FT10: More on the de Moivre Analogue

In part 9, we looked at an analogue to de Moivre's theorem. Slightly rephrased, we saw that:

• L(n)/2 + √5 F(n)/2 = φⁿ

so that:

• L(kn)/2 + √5 F(kn)/2 = (L(n)/2 + √5 F(n)/2)^k.

However, we would like to eliminate the factors of ½, since, when we derive other formulas from these, the ½'s end up obscuring which numbers are integers.

We'll actually do this in two ways, one using the Fibonacci numbers and one using the Lucas numbers.
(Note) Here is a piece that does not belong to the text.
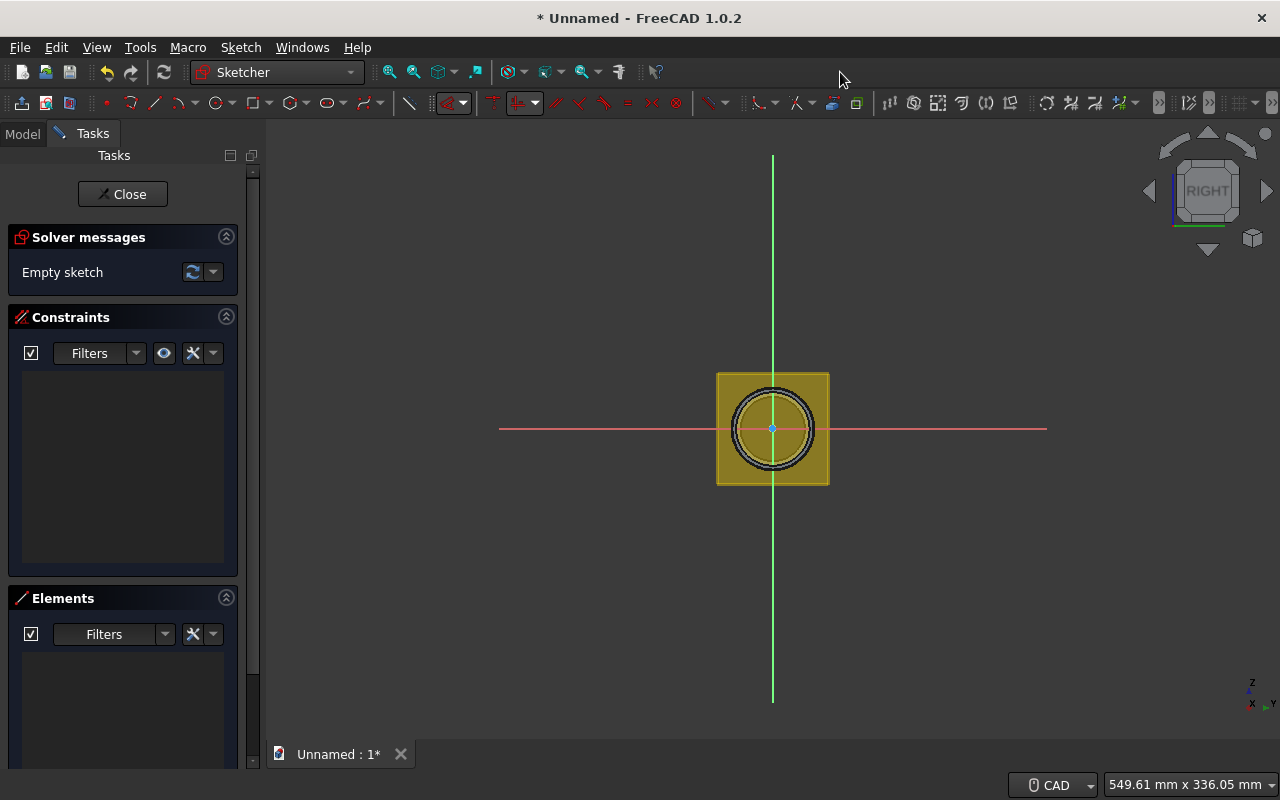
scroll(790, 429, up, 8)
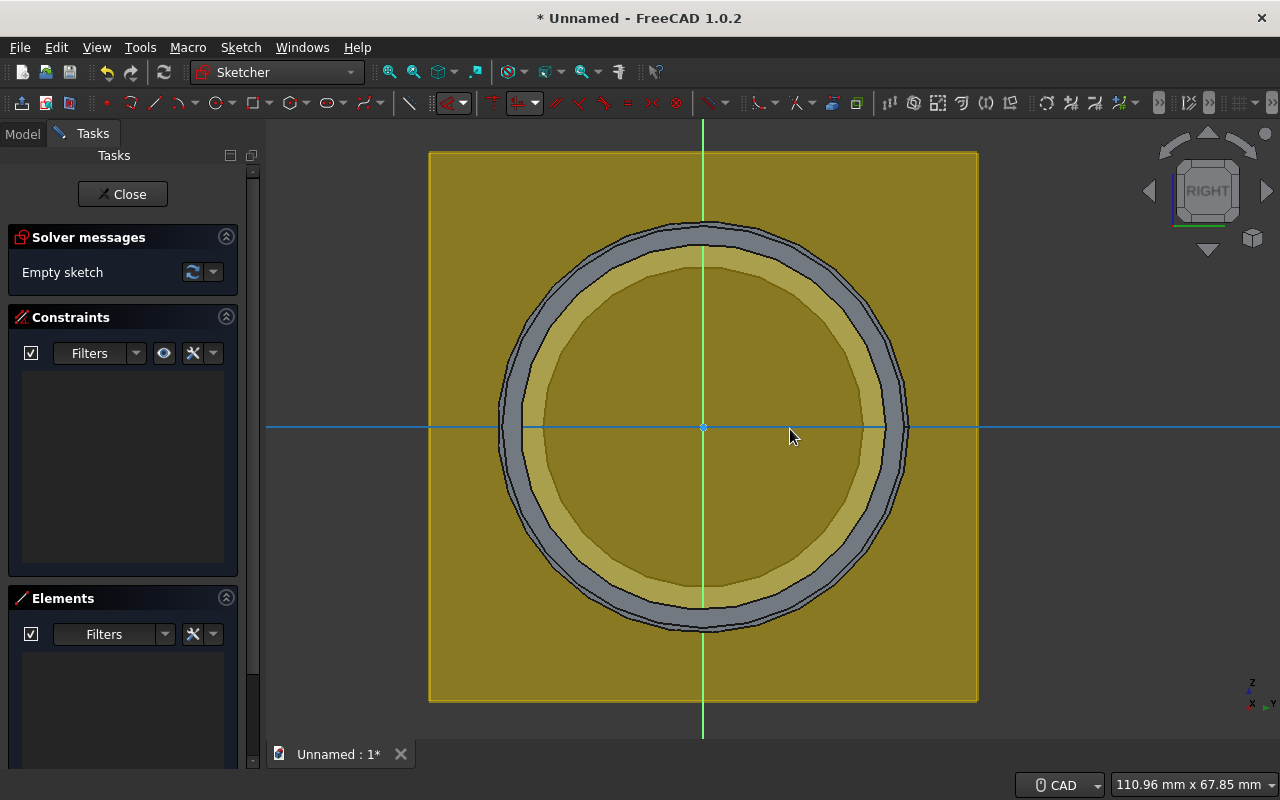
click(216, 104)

Taking the formula φⁿ = L(n)/2 + √5 F(n)/2, rewriting √5 as 2φ − 1, and using the fact that L(n) = 2F(n−1) + F(n) yields:

• φⁿ = F(n−1) + φ F(n)

Similarly, but using the fact that F(n) = (2L(n−1) + L(n))/5, we get:

• φⁿ = (L(n−1) + φL(n))/√5

Alternatively, one can prove these two formulas for φⁿ by mathematical induction.

Plugging these expressions into the formula (φⁿ)^k = φ^nk results in two more forms of our analogue to de Moivre's theorem:

• F(kn−1) + φ F(kn) = (F(n−1) + φ F(n))^k
• (L(kn−1) + φL(kn))/√5 = (L(n−1) + φL(n))^k/√5^k

Next we'll look at some applications of these formulas.